[NeurIPS 2024 spotlight] Text-DiFuse: An Interactive Multi-Modal Image Fusion Framework based on Text-modulated Diffusion Model
This repository is the official implementation of the NeurIPS 2024 paper: "Text-DiFuse: An Interactive Multi-Modal Image Fusion Framework based on Text-modulated Diffusion Model"

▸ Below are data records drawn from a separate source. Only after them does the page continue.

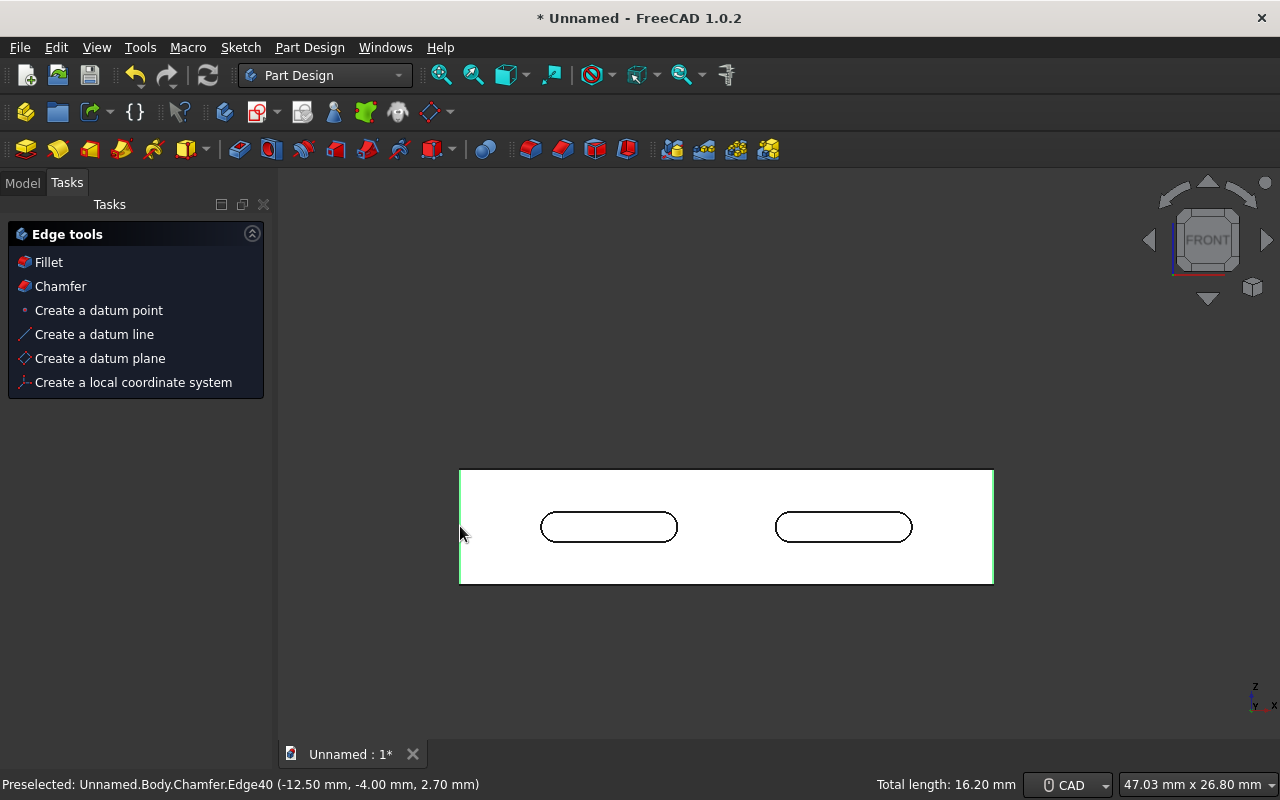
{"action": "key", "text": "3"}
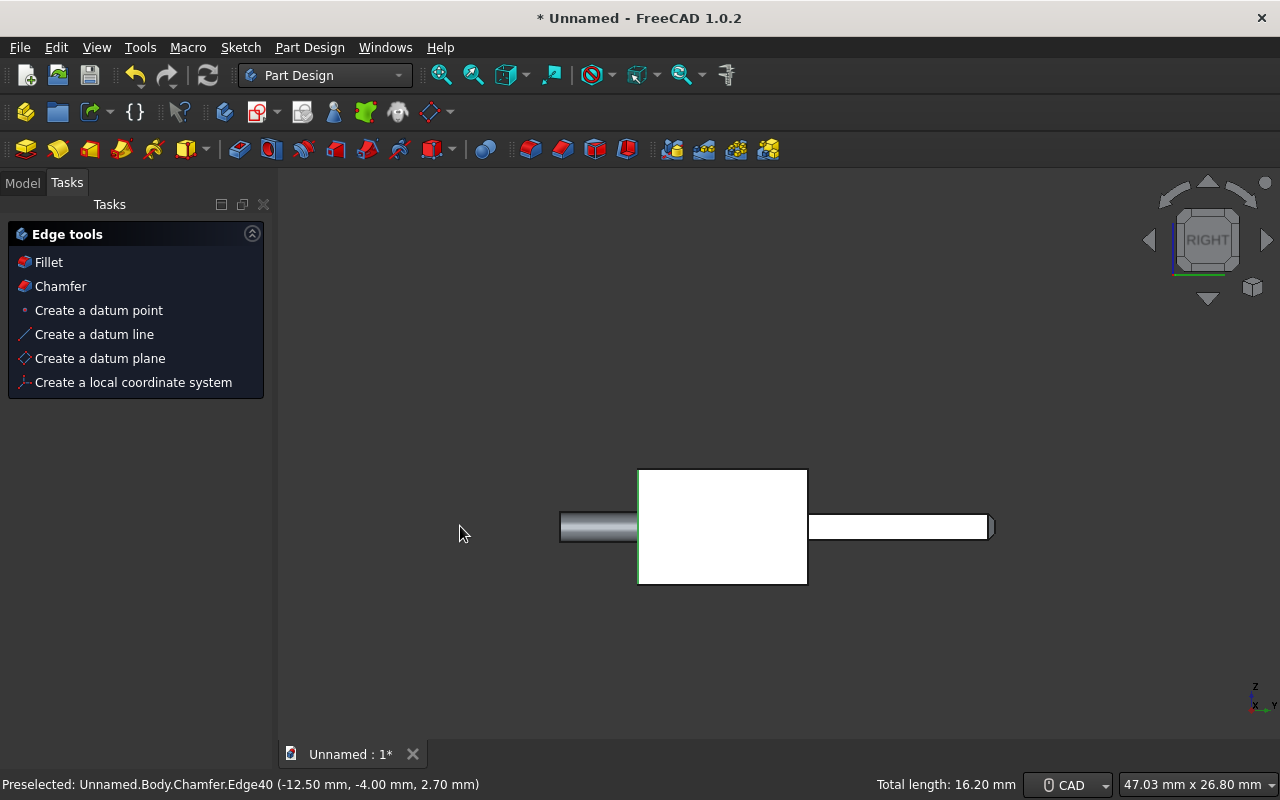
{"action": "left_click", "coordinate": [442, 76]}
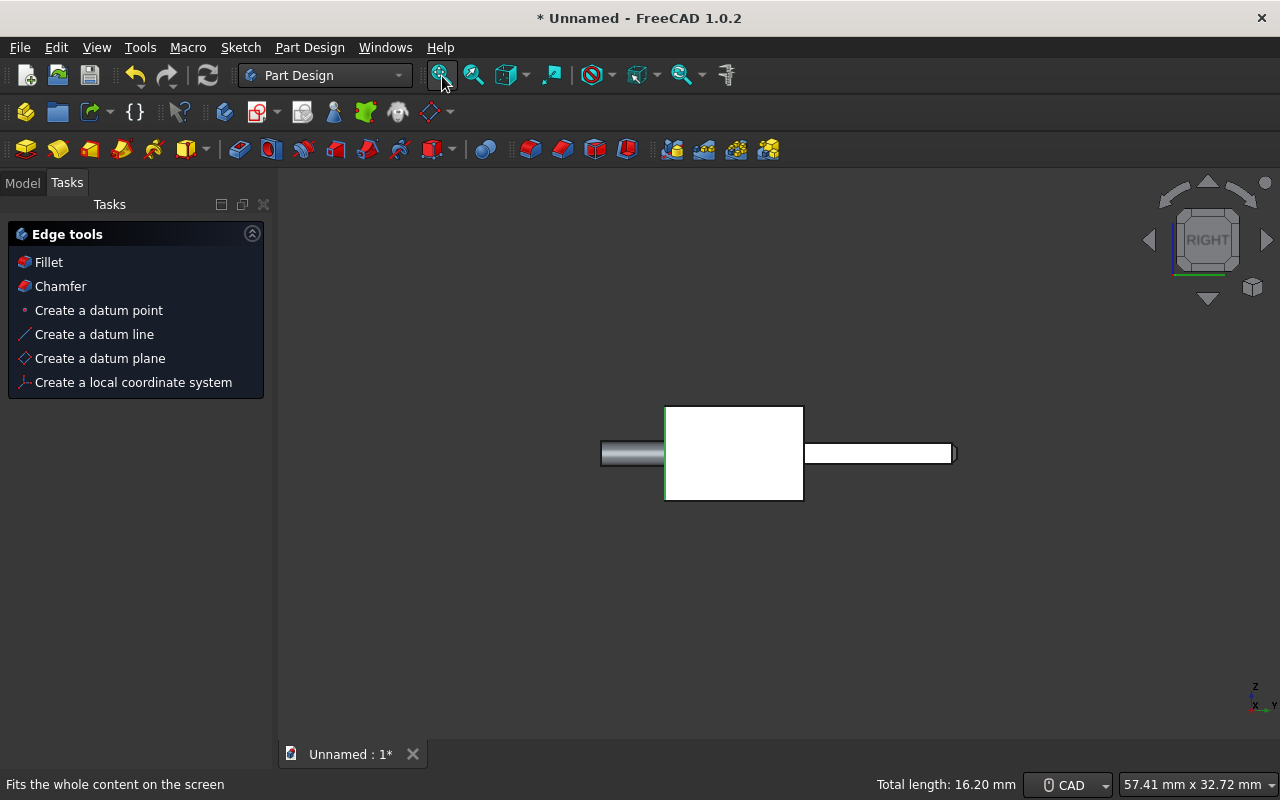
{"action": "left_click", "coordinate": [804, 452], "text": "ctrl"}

If our work assists your research, feel free to give us a star ⭐ or cite us using:
@article{zhang2024text,
title={Text-DiFuse: An Interactive Multi-Modal Image Fusion Framework based on Text-modulated Diffusion Model},
author={Zhang, Hao and Cao, Lei and Ma, Jiayi},
journal={Advances in Neural Information Processing Systems},
volume={37},
pages={39552--39572},
year={2024}
url={https://proceedings.neurips.cc/paper_files/paper/2024/hash/45e409b46bebd648e9041a628a1a9964-Abstract-Conference.html}
}
If you have any questions or discussions, please send me an email:
whu.caolei@whu.edu.cn
conda create -n Text-DiFuse python==3.9
conda activate Text-DiFuse
pip install torch==2.1.0 torchvision==0.16.0 torchaudio==2.1.0
pip install -r requirements.txt
Download the public datasets MSRS, RoadScene, TNO, LLVIP, M3FD, and Harvard, and place them in the following directory:
./data/test/
You can download the pre-trained weights from Google Drive and place them in the following directory:
./pretrained/
After modifying configurable parameters such as task_type and timestep, you can directly run the code:
python test.py
If you want to test the modulation mode, please first download the pretrained model weights for OWL-ViT and SAM, and place them at the following path:
./modulated/checkpoint/
You can modify parameter text_prompt, and then run the code:
python test_modulated.py
Place your own training data in the directory:
./data/train_diffusion/
And then run the code:
python train_diffusion.py
Place your own training data in the directory:
./data/train_FCM/
And then run the code:
python train_FCM.py